**WHAT TO PRODUCE**: Would you return the lines between the one holding "Give a very brief answer. 2.8." and the one holding "Offer a terse response. 3.51.", inclusive, and only those, exactly as they stand in the listing below?
/---
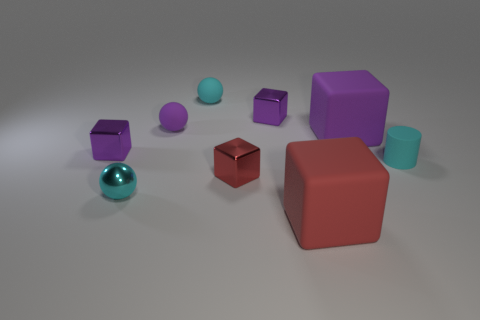Can you describe the arrangement of objects and what it might suggest about spatial balance? The objects are arranged with a sense of deliberate asymmetry. The various shapes and sizes, along with their placement, create a dynamic scene that suggests a playful exploration of balance and composition. 
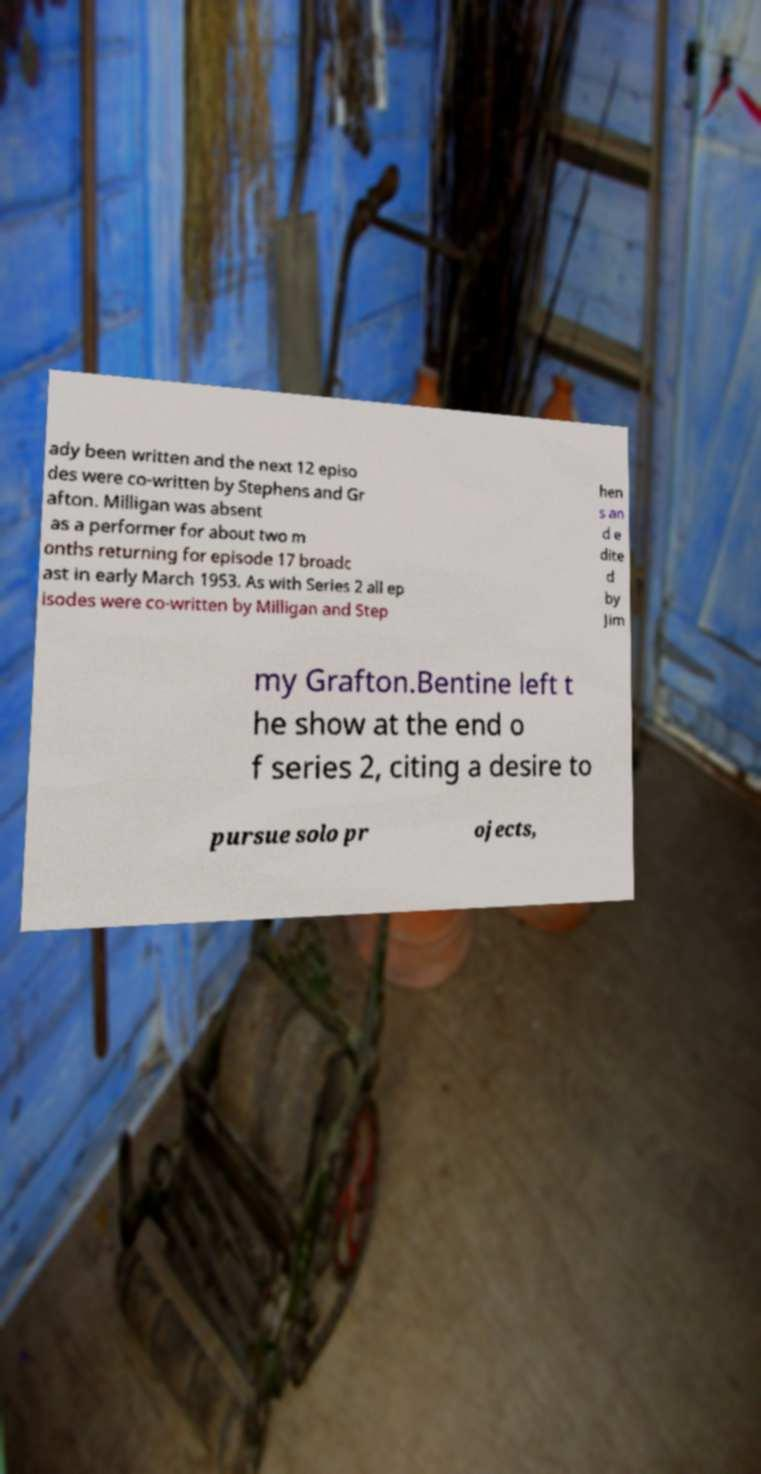Please read and relay the text visible in this image. What does it say? ady been written and the next 12 episo des were co-written by Stephens and Gr afton. Milligan was absent as a performer for about two m onths returning for episode 17 broadc ast in early March 1953. As with Series 2 all ep isodes were co-written by Milligan and Step hen s an d e dite d by Jim my Grafton.Bentine left t he show at the end o f series 2, citing a desire to pursue solo pr ojects, 
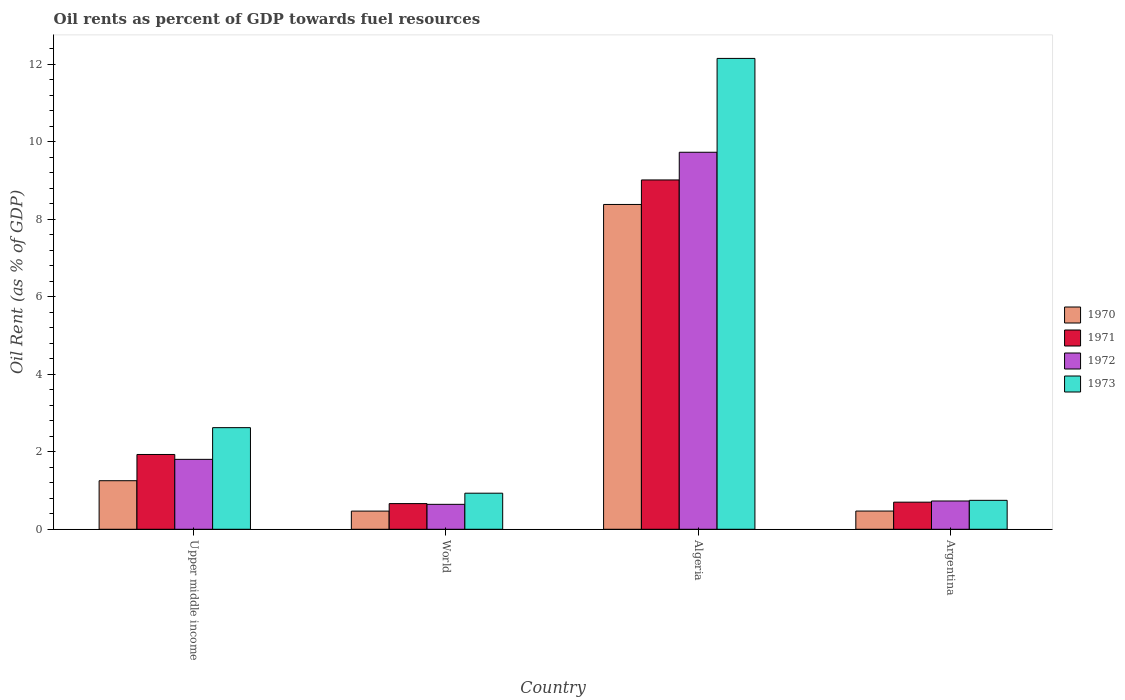How many different coloured bars are there?
Provide a succinct answer. 4. How many groups of bars are there?
Provide a short and direct response. 4. Are the number of bars on each tick of the X-axis equal?
Make the answer very short. Yes. What is the label of the 2nd group of bars from the left?
Your answer should be very brief. World. In how many cases, is the number of bars for a given country not equal to the number of legend labels?
Provide a succinct answer. 0. What is the oil rent in 1970 in World?
Provide a succinct answer. 0.47. Across all countries, what is the maximum oil rent in 1973?
Provide a succinct answer. 12.15. Across all countries, what is the minimum oil rent in 1971?
Ensure brevity in your answer.  0.66. In which country was the oil rent in 1970 maximum?
Make the answer very short. Algeria. What is the total oil rent in 1972 in the graph?
Your answer should be very brief. 12.91. What is the difference between the oil rent in 1971 in Algeria and that in World?
Keep it short and to the point. 8.35. What is the difference between the oil rent in 1971 in Algeria and the oil rent in 1972 in World?
Your answer should be compact. 8.37. What is the average oil rent in 1971 per country?
Ensure brevity in your answer.  3.08. What is the difference between the oil rent of/in 1970 and oil rent of/in 1971 in Upper middle income?
Provide a short and direct response. -0.68. In how many countries, is the oil rent in 1970 greater than 1.6 %?
Make the answer very short. 1. What is the ratio of the oil rent in 1971 in Algeria to that in Upper middle income?
Provide a succinct answer. 4.67. What is the difference between the highest and the second highest oil rent in 1973?
Make the answer very short. -1.69. What is the difference between the highest and the lowest oil rent in 1971?
Provide a succinct answer. 8.35. In how many countries, is the oil rent in 1973 greater than the average oil rent in 1973 taken over all countries?
Your response must be concise. 1. What does the 4th bar from the left in Upper middle income represents?
Your answer should be very brief. 1973. Is it the case that in every country, the sum of the oil rent in 1971 and oil rent in 1972 is greater than the oil rent in 1973?
Provide a short and direct response. Yes. How many countries are there in the graph?
Keep it short and to the point. 4. What is the difference between two consecutive major ticks on the Y-axis?
Ensure brevity in your answer.  2. Are the values on the major ticks of Y-axis written in scientific E-notation?
Your response must be concise. No. Does the graph contain any zero values?
Offer a very short reply. No. Does the graph contain grids?
Give a very brief answer. No. How many legend labels are there?
Provide a short and direct response. 4. How are the legend labels stacked?
Keep it short and to the point. Vertical. What is the title of the graph?
Keep it short and to the point. Oil rents as percent of GDP towards fuel resources. What is the label or title of the X-axis?
Provide a succinct answer. Country. What is the label or title of the Y-axis?
Make the answer very short. Oil Rent (as % of GDP). What is the Oil Rent (as % of GDP) of 1970 in Upper middle income?
Make the answer very short. 1.25. What is the Oil Rent (as % of GDP) of 1971 in Upper middle income?
Ensure brevity in your answer.  1.93. What is the Oil Rent (as % of GDP) in 1972 in Upper middle income?
Ensure brevity in your answer.  1.8. What is the Oil Rent (as % of GDP) in 1973 in Upper middle income?
Offer a very short reply. 2.62. What is the Oil Rent (as % of GDP) in 1970 in World?
Offer a terse response. 0.47. What is the Oil Rent (as % of GDP) in 1971 in World?
Offer a very short reply. 0.66. What is the Oil Rent (as % of GDP) in 1972 in World?
Provide a succinct answer. 0.64. What is the Oil Rent (as % of GDP) of 1973 in World?
Give a very brief answer. 0.93. What is the Oil Rent (as % of GDP) in 1970 in Algeria?
Give a very brief answer. 8.38. What is the Oil Rent (as % of GDP) in 1971 in Algeria?
Offer a terse response. 9.02. What is the Oil Rent (as % of GDP) of 1972 in Algeria?
Your answer should be very brief. 9.73. What is the Oil Rent (as % of GDP) in 1973 in Algeria?
Keep it short and to the point. 12.15. What is the Oil Rent (as % of GDP) of 1970 in Argentina?
Offer a terse response. 0.47. What is the Oil Rent (as % of GDP) of 1971 in Argentina?
Keep it short and to the point. 0.7. What is the Oil Rent (as % of GDP) of 1972 in Argentina?
Your response must be concise. 0.73. What is the Oil Rent (as % of GDP) in 1973 in Argentina?
Give a very brief answer. 0.75. Across all countries, what is the maximum Oil Rent (as % of GDP) in 1970?
Give a very brief answer. 8.38. Across all countries, what is the maximum Oil Rent (as % of GDP) of 1971?
Ensure brevity in your answer.  9.02. Across all countries, what is the maximum Oil Rent (as % of GDP) of 1972?
Keep it short and to the point. 9.73. Across all countries, what is the maximum Oil Rent (as % of GDP) in 1973?
Ensure brevity in your answer.  12.15. Across all countries, what is the minimum Oil Rent (as % of GDP) of 1970?
Offer a terse response. 0.47. Across all countries, what is the minimum Oil Rent (as % of GDP) of 1971?
Your answer should be compact. 0.66. Across all countries, what is the minimum Oil Rent (as % of GDP) of 1972?
Offer a very short reply. 0.64. Across all countries, what is the minimum Oil Rent (as % of GDP) of 1973?
Your answer should be very brief. 0.75. What is the total Oil Rent (as % of GDP) in 1970 in the graph?
Offer a very short reply. 10.58. What is the total Oil Rent (as % of GDP) of 1971 in the graph?
Provide a succinct answer. 12.31. What is the total Oil Rent (as % of GDP) in 1972 in the graph?
Your response must be concise. 12.91. What is the total Oil Rent (as % of GDP) of 1973 in the graph?
Keep it short and to the point. 16.45. What is the difference between the Oil Rent (as % of GDP) of 1970 in Upper middle income and that in World?
Your response must be concise. 0.78. What is the difference between the Oil Rent (as % of GDP) in 1971 in Upper middle income and that in World?
Your answer should be very brief. 1.27. What is the difference between the Oil Rent (as % of GDP) of 1972 in Upper middle income and that in World?
Make the answer very short. 1.16. What is the difference between the Oil Rent (as % of GDP) of 1973 in Upper middle income and that in World?
Offer a very short reply. 1.69. What is the difference between the Oil Rent (as % of GDP) of 1970 in Upper middle income and that in Algeria?
Ensure brevity in your answer.  -7.13. What is the difference between the Oil Rent (as % of GDP) in 1971 in Upper middle income and that in Algeria?
Make the answer very short. -7.09. What is the difference between the Oil Rent (as % of GDP) of 1972 in Upper middle income and that in Algeria?
Ensure brevity in your answer.  -7.93. What is the difference between the Oil Rent (as % of GDP) in 1973 in Upper middle income and that in Algeria?
Offer a terse response. -9.53. What is the difference between the Oil Rent (as % of GDP) of 1970 in Upper middle income and that in Argentina?
Your answer should be very brief. 0.78. What is the difference between the Oil Rent (as % of GDP) in 1971 in Upper middle income and that in Argentina?
Your response must be concise. 1.23. What is the difference between the Oil Rent (as % of GDP) of 1972 in Upper middle income and that in Argentina?
Provide a succinct answer. 1.07. What is the difference between the Oil Rent (as % of GDP) of 1973 in Upper middle income and that in Argentina?
Offer a terse response. 1.88. What is the difference between the Oil Rent (as % of GDP) in 1970 in World and that in Algeria?
Offer a very short reply. -7.91. What is the difference between the Oil Rent (as % of GDP) in 1971 in World and that in Algeria?
Provide a succinct answer. -8.35. What is the difference between the Oil Rent (as % of GDP) of 1972 in World and that in Algeria?
Offer a very short reply. -9.09. What is the difference between the Oil Rent (as % of GDP) of 1973 in World and that in Algeria?
Provide a short and direct response. -11.22. What is the difference between the Oil Rent (as % of GDP) of 1970 in World and that in Argentina?
Give a very brief answer. -0. What is the difference between the Oil Rent (as % of GDP) in 1971 in World and that in Argentina?
Your answer should be compact. -0.04. What is the difference between the Oil Rent (as % of GDP) of 1972 in World and that in Argentina?
Your answer should be very brief. -0.09. What is the difference between the Oil Rent (as % of GDP) of 1973 in World and that in Argentina?
Keep it short and to the point. 0.18. What is the difference between the Oil Rent (as % of GDP) of 1970 in Algeria and that in Argentina?
Provide a short and direct response. 7.91. What is the difference between the Oil Rent (as % of GDP) in 1971 in Algeria and that in Argentina?
Keep it short and to the point. 8.32. What is the difference between the Oil Rent (as % of GDP) in 1972 in Algeria and that in Argentina?
Your response must be concise. 9. What is the difference between the Oil Rent (as % of GDP) in 1973 in Algeria and that in Argentina?
Your response must be concise. 11.41. What is the difference between the Oil Rent (as % of GDP) of 1970 in Upper middle income and the Oil Rent (as % of GDP) of 1971 in World?
Offer a terse response. 0.59. What is the difference between the Oil Rent (as % of GDP) in 1970 in Upper middle income and the Oil Rent (as % of GDP) in 1972 in World?
Your answer should be very brief. 0.61. What is the difference between the Oil Rent (as % of GDP) in 1970 in Upper middle income and the Oil Rent (as % of GDP) in 1973 in World?
Offer a very short reply. 0.32. What is the difference between the Oil Rent (as % of GDP) of 1971 in Upper middle income and the Oil Rent (as % of GDP) of 1972 in World?
Your response must be concise. 1.29. What is the difference between the Oil Rent (as % of GDP) of 1972 in Upper middle income and the Oil Rent (as % of GDP) of 1973 in World?
Provide a short and direct response. 0.87. What is the difference between the Oil Rent (as % of GDP) of 1970 in Upper middle income and the Oil Rent (as % of GDP) of 1971 in Algeria?
Your answer should be very brief. -7.76. What is the difference between the Oil Rent (as % of GDP) in 1970 in Upper middle income and the Oil Rent (as % of GDP) in 1972 in Algeria?
Offer a terse response. -8.48. What is the difference between the Oil Rent (as % of GDP) in 1970 in Upper middle income and the Oil Rent (as % of GDP) in 1973 in Algeria?
Your response must be concise. -10.9. What is the difference between the Oil Rent (as % of GDP) in 1971 in Upper middle income and the Oil Rent (as % of GDP) in 1973 in Algeria?
Provide a succinct answer. -10.22. What is the difference between the Oil Rent (as % of GDP) of 1972 in Upper middle income and the Oil Rent (as % of GDP) of 1973 in Algeria?
Give a very brief answer. -10.35. What is the difference between the Oil Rent (as % of GDP) of 1970 in Upper middle income and the Oil Rent (as % of GDP) of 1971 in Argentina?
Offer a terse response. 0.55. What is the difference between the Oil Rent (as % of GDP) of 1970 in Upper middle income and the Oil Rent (as % of GDP) of 1972 in Argentina?
Make the answer very short. 0.52. What is the difference between the Oil Rent (as % of GDP) of 1970 in Upper middle income and the Oil Rent (as % of GDP) of 1973 in Argentina?
Your response must be concise. 0.51. What is the difference between the Oil Rent (as % of GDP) in 1971 in Upper middle income and the Oil Rent (as % of GDP) in 1972 in Argentina?
Ensure brevity in your answer.  1.2. What is the difference between the Oil Rent (as % of GDP) of 1971 in Upper middle income and the Oil Rent (as % of GDP) of 1973 in Argentina?
Make the answer very short. 1.18. What is the difference between the Oil Rent (as % of GDP) of 1972 in Upper middle income and the Oil Rent (as % of GDP) of 1973 in Argentina?
Your answer should be very brief. 1.06. What is the difference between the Oil Rent (as % of GDP) in 1970 in World and the Oil Rent (as % of GDP) in 1971 in Algeria?
Offer a terse response. -8.55. What is the difference between the Oil Rent (as % of GDP) in 1970 in World and the Oil Rent (as % of GDP) in 1972 in Algeria?
Provide a succinct answer. -9.26. What is the difference between the Oil Rent (as % of GDP) of 1970 in World and the Oil Rent (as % of GDP) of 1973 in Algeria?
Keep it short and to the point. -11.68. What is the difference between the Oil Rent (as % of GDP) of 1971 in World and the Oil Rent (as % of GDP) of 1972 in Algeria?
Provide a short and direct response. -9.07. What is the difference between the Oil Rent (as % of GDP) in 1971 in World and the Oil Rent (as % of GDP) in 1973 in Algeria?
Keep it short and to the point. -11.49. What is the difference between the Oil Rent (as % of GDP) of 1972 in World and the Oil Rent (as % of GDP) of 1973 in Algeria?
Keep it short and to the point. -11.51. What is the difference between the Oil Rent (as % of GDP) in 1970 in World and the Oil Rent (as % of GDP) in 1971 in Argentina?
Your answer should be very brief. -0.23. What is the difference between the Oil Rent (as % of GDP) of 1970 in World and the Oil Rent (as % of GDP) of 1972 in Argentina?
Give a very brief answer. -0.26. What is the difference between the Oil Rent (as % of GDP) of 1970 in World and the Oil Rent (as % of GDP) of 1973 in Argentina?
Your response must be concise. -0.28. What is the difference between the Oil Rent (as % of GDP) of 1971 in World and the Oil Rent (as % of GDP) of 1972 in Argentina?
Offer a very short reply. -0.07. What is the difference between the Oil Rent (as % of GDP) of 1971 in World and the Oil Rent (as % of GDP) of 1973 in Argentina?
Provide a succinct answer. -0.08. What is the difference between the Oil Rent (as % of GDP) of 1972 in World and the Oil Rent (as % of GDP) of 1973 in Argentina?
Your response must be concise. -0.1. What is the difference between the Oil Rent (as % of GDP) of 1970 in Algeria and the Oil Rent (as % of GDP) of 1971 in Argentina?
Your response must be concise. 7.68. What is the difference between the Oil Rent (as % of GDP) of 1970 in Algeria and the Oil Rent (as % of GDP) of 1972 in Argentina?
Your response must be concise. 7.65. What is the difference between the Oil Rent (as % of GDP) in 1970 in Algeria and the Oil Rent (as % of GDP) in 1973 in Argentina?
Offer a terse response. 7.64. What is the difference between the Oil Rent (as % of GDP) of 1971 in Algeria and the Oil Rent (as % of GDP) of 1972 in Argentina?
Your answer should be very brief. 8.29. What is the difference between the Oil Rent (as % of GDP) of 1971 in Algeria and the Oil Rent (as % of GDP) of 1973 in Argentina?
Provide a succinct answer. 8.27. What is the difference between the Oil Rent (as % of GDP) of 1972 in Algeria and the Oil Rent (as % of GDP) of 1973 in Argentina?
Give a very brief answer. 8.98. What is the average Oil Rent (as % of GDP) of 1970 per country?
Your response must be concise. 2.64. What is the average Oil Rent (as % of GDP) of 1971 per country?
Your response must be concise. 3.08. What is the average Oil Rent (as % of GDP) of 1972 per country?
Your answer should be compact. 3.23. What is the average Oil Rent (as % of GDP) of 1973 per country?
Keep it short and to the point. 4.11. What is the difference between the Oil Rent (as % of GDP) of 1970 and Oil Rent (as % of GDP) of 1971 in Upper middle income?
Keep it short and to the point. -0.68. What is the difference between the Oil Rent (as % of GDP) in 1970 and Oil Rent (as % of GDP) in 1972 in Upper middle income?
Your response must be concise. -0.55. What is the difference between the Oil Rent (as % of GDP) in 1970 and Oil Rent (as % of GDP) in 1973 in Upper middle income?
Your response must be concise. -1.37. What is the difference between the Oil Rent (as % of GDP) of 1971 and Oil Rent (as % of GDP) of 1972 in Upper middle income?
Provide a short and direct response. 0.13. What is the difference between the Oil Rent (as % of GDP) of 1971 and Oil Rent (as % of GDP) of 1973 in Upper middle income?
Your answer should be very brief. -0.69. What is the difference between the Oil Rent (as % of GDP) in 1972 and Oil Rent (as % of GDP) in 1973 in Upper middle income?
Provide a succinct answer. -0.82. What is the difference between the Oil Rent (as % of GDP) of 1970 and Oil Rent (as % of GDP) of 1971 in World?
Offer a terse response. -0.19. What is the difference between the Oil Rent (as % of GDP) in 1970 and Oil Rent (as % of GDP) in 1972 in World?
Provide a succinct answer. -0.17. What is the difference between the Oil Rent (as % of GDP) in 1970 and Oil Rent (as % of GDP) in 1973 in World?
Keep it short and to the point. -0.46. What is the difference between the Oil Rent (as % of GDP) in 1971 and Oil Rent (as % of GDP) in 1972 in World?
Offer a terse response. 0.02. What is the difference between the Oil Rent (as % of GDP) of 1971 and Oil Rent (as % of GDP) of 1973 in World?
Offer a very short reply. -0.27. What is the difference between the Oil Rent (as % of GDP) in 1972 and Oil Rent (as % of GDP) in 1973 in World?
Your response must be concise. -0.29. What is the difference between the Oil Rent (as % of GDP) in 1970 and Oil Rent (as % of GDP) in 1971 in Algeria?
Provide a succinct answer. -0.63. What is the difference between the Oil Rent (as % of GDP) of 1970 and Oil Rent (as % of GDP) of 1972 in Algeria?
Your answer should be compact. -1.35. What is the difference between the Oil Rent (as % of GDP) in 1970 and Oil Rent (as % of GDP) in 1973 in Algeria?
Offer a terse response. -3.77. What is the difference between the Oil Rent (as % of GDP) of 1971 and Oil Rent (as % of GDP) of 1972 in Algeria?
Offer a terse response. -0.71. What is the difference between the Oil Rent (as % of GDP) of 1971 and Oil Rent (as % of GDP) of 1973 in Algeria?
Provide a succinct answer. -3.14. What is the difference between the Oil Rent (as % of GDP) of 1972 and Oil Rent (as % of GDP) of 1973 in Algeria?
Keep it short and to the point. -2.42. What is the difference between the Oil Rent (as % of GDP) of 1970 and Oil Rent (as % of GDP) of 1971 in Argentina?
Your answer should be compact. -0.23. What is the difference between the Oil Rent (as % of GDP) of 1970 and Oil Rent (as % of GDP) of 1972 in Argentina?
Keep it short and to the point. -0.26. What is the difference between the Oil Rent (as % of GDP) in 1970 and Oil Rent (as % of GDP) in 1973 in Argentina?
Ensure brevity in your answer.  -0.28. What is the difference between the Oil Rent (as % of GDP) in 1971 and Oil Rent (as % of GDP) in 1972 in Argentina?
Provide a succinct answer. -0.03. What is the difference between the Oil Rent (as % of GDP) in 1971 and Oil Rent (as % of GDP) in 1973 in Argentina?
Your answer should be compact. -0.05. What is the difference between the Oil Rent (as % of GDP) in 1972 and Oil Rent (as % of GDP) in 1973 in Argentina?
Provide a succinct answer. -0.02. What is the ratio of the Oil Rent (as % of GDP) in 1970 in Upper middle income to that in World?
Your answer should be very brief. 2.67. What is the ratio of the Oil Rent (as % of GDP) of 1971 in Upper middle income to that in World?
Offer a very short reply. 2.91. What is the ratio of the Oil Rent (as % of GDP) of 1972 in Upper middle income to that in World?
Give a very brief answer. 2.8. What is the ratio of the Oil Rent (as % of GDP) of 1973 in Upper middle income to that in World?
Provide a succinct answer. 2.82. What is the ratio of the Oil Rent (as % of GDP) in 1970 in Upper middle income to that in Algeria?
Provide a succinct answer. 0.15. What is the ratio of the Oil Rent (as % of GDP) in 1971 in Upper middle income to that in Algeria?
Offer a very short reply. 0.21. What is the ratio of the Oil Rent (as % of GDP) of 1972 in Upper middle income to that in Algeria?
Provide a short and direct response. 0.19. What is the ratio of the Oil Rent (as % of GDP) in 1973 in Upper middle income to that in Algeria?
Make the answer very short. 0.22. What is the ratio of the Oil Rent (as % of GDP) in 1970 in Upper middle income to that in Argentina?
Your answer should be very brief. 2.67. What is the ratio of the Oil Rent (as % of GDP) of 1971 in Upper middle income to that in Argentina?
Provide a short and direct response. 2.76. What is the ratio of the Oil Rent (as % of GDP) of 1972 in Upper middle income to that in Argentina?
Your response must be concise. 2.47. What is the ratio of the Oil Rent (as % of GDP) of 1973 in Upper middle income to that in Argentina?
Offer a terse response. 3.51. What is the ratio of the Oil Rent (as % of GDP) of 1970 in World to that in Algeria?
Provide a succinct answer. 0.06. What is the ratio of the Oil Rent (as % of GDP) of 1971 in World to that in Algeria?
Your answer should be compact. 0.07. What is the ratio of the Oil Rent (as % of GDP) of 1972 in World to that in Algeria?
Your answer should be very brief. 0.07. What is the ratio of the Oil Rent (as % of GDP) of 1973 in World to that in Algeria?
Provide a short and direct response. 0.08. What is the ratio of the Oil Rent (as % of GDP) of 1970 in World to that in Argentina?
Give a very brief answer. 1. What is the ratio of the Oil Rent (as % of GDP) in 1971 in World to that in Argentina?
Provide a short and direct response. 0.95. What is the ratio of the Oil Rent (as % of GDP) in 1972 in World to that in Argentina?
Your answer should be compact. 0.88. What is the ratio of the Oil Rent (as % of GDP) in 1973 in World to that in Argentina?
Ensure brevity in your answer.  1.25. What is the ratio of the Oil Rent (as % of GDP) of 1970 in Algeria to that in Argentina?
Your response must be concise. 17.83. What is the ratio of the Oil Rent (as % of GDP) in 1971 in Algeria to that in Argentina?
Give a very brief answer. 12.88. What is the ratio of the Oil Rent (as % of GDP) of 1972 in Algeria to that in Argentina?
Ensure brevity in your answer.  13.33. What is the ratio of the Oil Rent (as % of GDP) of 1973 in Algeria to that in Argentina?
Make the answer very short. 16.27. What is the difference between the highest and the second highest Oil Rent (as % of GDP) of 1970?
Offer a very short reply. 7.13. What is the difference between the highest and the second highest Oil Rent (as % of GDP) in 1971?
Provide a succinct answer. 7.09. What is the difference between the highest and the second highest Oil Rent (as % of GDP) in 1972?
Provide a succinct answer. 7.93. What is the difference between the highest and the second highest Oil Rent (as % of GDP) in 1973?
Offer a very short reply. 9.53. What is the difference between the highest and the lowest Oil Rent (as % of GDP) of 1970?
Provide a short and direct response. 7.91. What is the difference between the highest and the lowest Oil Rent (as % of GDP) in 1971?
Provide a short and direct response. 8.35. What is the difference between the highest and the lowest Oil Rent (as % of GDP) of 1972?
Offer a very short reply. 9.09. What is the difference between the highest and the lowest Oil Rent (as % of GDP) in 1973?
Your response must be concise. 11.41.
\---
**REPLY**:
Give a very brief answer. 2.8. What is the ratio of the Oil Rent (as % of GDP) of 1973 in Upper middle income to that in World?
Provide a succinct answer. 2.82. What is the ratio of the Oil Rent (as % of GDP) in 1970 in Upper middle income to that in Algeria?
Provide a succinct answer. 0.15. What is the ratio of the Oil Rent (as % of GDP) in 1971 in Upper middle income to that in Algeria?
Offer a very short reply. 0.21. What is the ratio of the Oil Rent (as % of GDP) of 1972 in Upper middle income to that in Algeria?
Provide a short and direct response. 0.19. What is the ratio of the Oil Rent (as % of GDP) in 1973 in Upper middle income to that in Algeria?
Make the answer very short. 0.22. What is the ratio of the Oil Rent (as % of GDP) in 1970 in Upper middle income to that in Argentina?
Your answer should be very brief. 2.67. What is the ratio of the Oil Rent (as % of GDP) of 1971 in Upper middle income to that in Argentina?
Provide a short and direct response. 2.76. What is the ratio of the Oil Rent (as % of GDP) of 1972 in Upper middle income to that in Argentina?
Your response must be concise. 2.47. What is the ratio of the Oil Rent (as % of GDP) of 1973 in Upper middle income to that in Argentina?
Offer a terse response. 3.51. What is the ratio of the Oil Rent (as % of GDP) of 1970 in World to that in Algeria?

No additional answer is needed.